Lo saludan el pequeño León, de cinco años, Sofía y Milagros. Eliana, la más grande del grupo, llega en moto con su madre. Éste es su último año en la escuela. Marys, la maestra, los recibe a todos con una sonrisa. A Mario no dejó de verlo por mucho tiempo ya que “hizo los trabajos administrativos conmigo”, dice en complicidad con el niño. Es que él va más a la escuela que la maestra. Ella se encarga de enfatizarlo. Cuando el Paso del Amor -el puente que comunica el camino de Las Higueritas, el que lleva a la casa de Mario y a la escuela- se desborda por las intensas lluvias, la maestra y algunos niños no logran llegar a la escuela. Mario, que hace todo el viaje caminando, llega igual. Mojado como nunca pero llega.

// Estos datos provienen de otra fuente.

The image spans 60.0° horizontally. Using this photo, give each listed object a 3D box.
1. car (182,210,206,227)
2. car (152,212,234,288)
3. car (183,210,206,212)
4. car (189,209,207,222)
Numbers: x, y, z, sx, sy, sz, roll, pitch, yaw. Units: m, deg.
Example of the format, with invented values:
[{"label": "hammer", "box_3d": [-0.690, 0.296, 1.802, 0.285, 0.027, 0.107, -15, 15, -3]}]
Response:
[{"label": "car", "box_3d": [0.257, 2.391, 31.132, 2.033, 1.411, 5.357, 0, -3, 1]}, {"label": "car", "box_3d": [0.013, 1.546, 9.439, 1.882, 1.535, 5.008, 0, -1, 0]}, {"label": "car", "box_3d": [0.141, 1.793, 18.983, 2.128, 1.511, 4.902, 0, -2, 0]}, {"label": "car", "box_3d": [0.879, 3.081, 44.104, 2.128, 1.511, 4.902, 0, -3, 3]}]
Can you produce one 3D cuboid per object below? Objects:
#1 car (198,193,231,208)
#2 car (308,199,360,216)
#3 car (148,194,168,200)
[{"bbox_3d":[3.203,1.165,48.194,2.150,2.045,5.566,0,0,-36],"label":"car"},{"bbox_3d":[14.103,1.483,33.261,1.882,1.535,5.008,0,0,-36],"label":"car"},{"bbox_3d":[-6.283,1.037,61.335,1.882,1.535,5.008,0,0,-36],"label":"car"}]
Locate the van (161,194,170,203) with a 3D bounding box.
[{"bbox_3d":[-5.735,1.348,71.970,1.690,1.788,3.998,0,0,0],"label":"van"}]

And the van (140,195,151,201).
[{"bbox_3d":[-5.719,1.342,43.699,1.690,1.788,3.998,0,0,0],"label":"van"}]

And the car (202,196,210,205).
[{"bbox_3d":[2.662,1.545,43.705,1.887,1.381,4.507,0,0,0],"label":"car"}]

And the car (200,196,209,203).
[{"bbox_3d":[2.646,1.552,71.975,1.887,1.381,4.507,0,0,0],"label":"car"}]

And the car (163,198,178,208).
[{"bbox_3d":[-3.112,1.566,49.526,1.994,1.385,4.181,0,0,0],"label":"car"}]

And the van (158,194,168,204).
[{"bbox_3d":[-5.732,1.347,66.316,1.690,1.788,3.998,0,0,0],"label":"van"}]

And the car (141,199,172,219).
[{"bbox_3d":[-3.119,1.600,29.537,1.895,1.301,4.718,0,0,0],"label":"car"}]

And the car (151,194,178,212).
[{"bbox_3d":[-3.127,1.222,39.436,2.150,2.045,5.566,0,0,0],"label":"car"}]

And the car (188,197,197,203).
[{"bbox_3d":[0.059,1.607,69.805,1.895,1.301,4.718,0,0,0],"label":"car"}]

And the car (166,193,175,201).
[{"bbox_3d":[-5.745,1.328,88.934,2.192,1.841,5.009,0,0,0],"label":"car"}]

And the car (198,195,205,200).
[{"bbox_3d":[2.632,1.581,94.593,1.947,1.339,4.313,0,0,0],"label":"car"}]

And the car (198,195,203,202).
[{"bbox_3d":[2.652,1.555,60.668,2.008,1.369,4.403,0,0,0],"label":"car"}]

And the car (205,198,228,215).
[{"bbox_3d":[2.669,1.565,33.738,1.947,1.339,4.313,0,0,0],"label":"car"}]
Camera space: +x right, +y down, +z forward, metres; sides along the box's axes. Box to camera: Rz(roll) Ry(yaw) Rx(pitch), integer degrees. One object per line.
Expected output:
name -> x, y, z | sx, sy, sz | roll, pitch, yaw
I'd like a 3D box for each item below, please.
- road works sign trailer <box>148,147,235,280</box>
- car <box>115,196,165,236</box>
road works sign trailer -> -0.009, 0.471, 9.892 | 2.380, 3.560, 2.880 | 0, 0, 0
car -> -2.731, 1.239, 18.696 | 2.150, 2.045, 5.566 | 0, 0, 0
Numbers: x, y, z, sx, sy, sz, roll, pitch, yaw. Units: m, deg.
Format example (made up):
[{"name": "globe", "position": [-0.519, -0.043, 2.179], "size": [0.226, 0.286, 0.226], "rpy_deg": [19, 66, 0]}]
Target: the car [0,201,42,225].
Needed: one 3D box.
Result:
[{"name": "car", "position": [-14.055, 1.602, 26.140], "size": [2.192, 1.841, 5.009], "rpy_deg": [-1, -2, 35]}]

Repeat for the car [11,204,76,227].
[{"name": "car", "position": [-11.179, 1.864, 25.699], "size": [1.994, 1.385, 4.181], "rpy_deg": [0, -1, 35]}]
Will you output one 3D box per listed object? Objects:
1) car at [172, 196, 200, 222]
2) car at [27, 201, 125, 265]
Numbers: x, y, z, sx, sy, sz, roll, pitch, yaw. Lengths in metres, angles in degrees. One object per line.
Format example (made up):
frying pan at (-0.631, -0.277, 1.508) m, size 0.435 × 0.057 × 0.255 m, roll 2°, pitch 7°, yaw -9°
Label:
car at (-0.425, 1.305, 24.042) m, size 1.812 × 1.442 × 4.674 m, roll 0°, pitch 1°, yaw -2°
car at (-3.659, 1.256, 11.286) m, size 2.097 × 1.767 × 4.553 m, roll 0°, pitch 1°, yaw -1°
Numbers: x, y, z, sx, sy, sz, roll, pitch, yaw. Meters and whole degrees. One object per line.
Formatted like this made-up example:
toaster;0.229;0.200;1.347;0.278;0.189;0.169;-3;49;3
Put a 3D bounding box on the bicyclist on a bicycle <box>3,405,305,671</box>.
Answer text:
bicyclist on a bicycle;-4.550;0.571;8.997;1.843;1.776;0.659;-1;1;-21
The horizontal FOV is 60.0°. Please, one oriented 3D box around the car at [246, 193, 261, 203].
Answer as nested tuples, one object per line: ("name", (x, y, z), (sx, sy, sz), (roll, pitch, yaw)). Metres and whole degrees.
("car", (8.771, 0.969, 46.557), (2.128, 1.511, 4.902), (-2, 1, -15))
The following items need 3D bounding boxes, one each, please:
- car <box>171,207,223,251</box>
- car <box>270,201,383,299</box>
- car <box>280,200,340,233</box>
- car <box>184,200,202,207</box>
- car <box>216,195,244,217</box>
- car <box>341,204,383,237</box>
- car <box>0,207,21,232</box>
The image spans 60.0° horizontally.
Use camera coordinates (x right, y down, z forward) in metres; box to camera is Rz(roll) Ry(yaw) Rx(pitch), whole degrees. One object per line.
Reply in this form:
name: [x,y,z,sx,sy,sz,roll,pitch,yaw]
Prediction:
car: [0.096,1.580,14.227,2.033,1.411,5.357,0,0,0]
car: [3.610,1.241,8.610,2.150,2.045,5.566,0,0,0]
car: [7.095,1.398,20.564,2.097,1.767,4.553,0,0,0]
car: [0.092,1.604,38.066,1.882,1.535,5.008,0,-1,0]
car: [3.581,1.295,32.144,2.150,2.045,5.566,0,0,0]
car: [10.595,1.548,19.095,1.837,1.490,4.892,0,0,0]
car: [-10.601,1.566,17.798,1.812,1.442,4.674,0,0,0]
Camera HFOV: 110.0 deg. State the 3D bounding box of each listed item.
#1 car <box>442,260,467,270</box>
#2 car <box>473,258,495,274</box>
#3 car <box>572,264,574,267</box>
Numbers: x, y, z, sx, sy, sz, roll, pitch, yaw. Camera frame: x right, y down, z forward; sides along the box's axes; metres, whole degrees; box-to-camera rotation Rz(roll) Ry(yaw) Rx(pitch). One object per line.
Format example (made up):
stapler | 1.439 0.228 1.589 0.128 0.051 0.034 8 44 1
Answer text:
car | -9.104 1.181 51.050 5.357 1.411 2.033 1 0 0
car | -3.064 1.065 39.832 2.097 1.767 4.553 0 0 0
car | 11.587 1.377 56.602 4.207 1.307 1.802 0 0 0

La escuela rural Nº 94 se llama Antoine de Saint-Exupéry y no por antojo. No sólo porque “lo esencial es invisible a los ojos”, sino porque detrás del edificio blanco se encuentra una base de la Fuerza Aérea que dos por tres adorna el cielo de avionetas. Todos juntos hicieron un mural con la figura del Principito en la pared que da al costado de la escuela. También todos juntos cuidan las verduras y frutas que tienen en el fondo. Tomates, boniatos, zapallos. El naranjo está delante del parrillero donde muchas veces se buscan excusas para asar unos chorizos y hacer carne a las brasas. “Éste es un lugar de encuentro. Los padres, vecinos y los integrantes de la comisión fomento nos juntamos a festejar los cumpleaños”, cuenta la maestra. Más que una escuela es un lugar de referencia en la zona. Allí se dan charlas para padres sobre salud, cuidado de animales, entre otros temas. Sobre Mario cuenta que ha tenido una evolución muy buena, que se ha abierto mucho más en estos últimos años porque era muy callado. Por ser el primer día de clases, la maestra les propone que jueguen a lo que quieran. Ellos salen corriendo al patio, se suben a las hamacas, agarran una pelota, se la pasan, se ríen.

“Yo creo que no se va a olvidar nunca de esto que le pasó”, comenta Marys. “Si todo sale bien, podrá ir al liceo en Minas y seguir estudiando”, agrega. Ángela sueña lo mismo, que Mario por fin pueda, que tenga las condiciones para hacerlo. Pero para que él no falte hace falta que no le falten a él primero.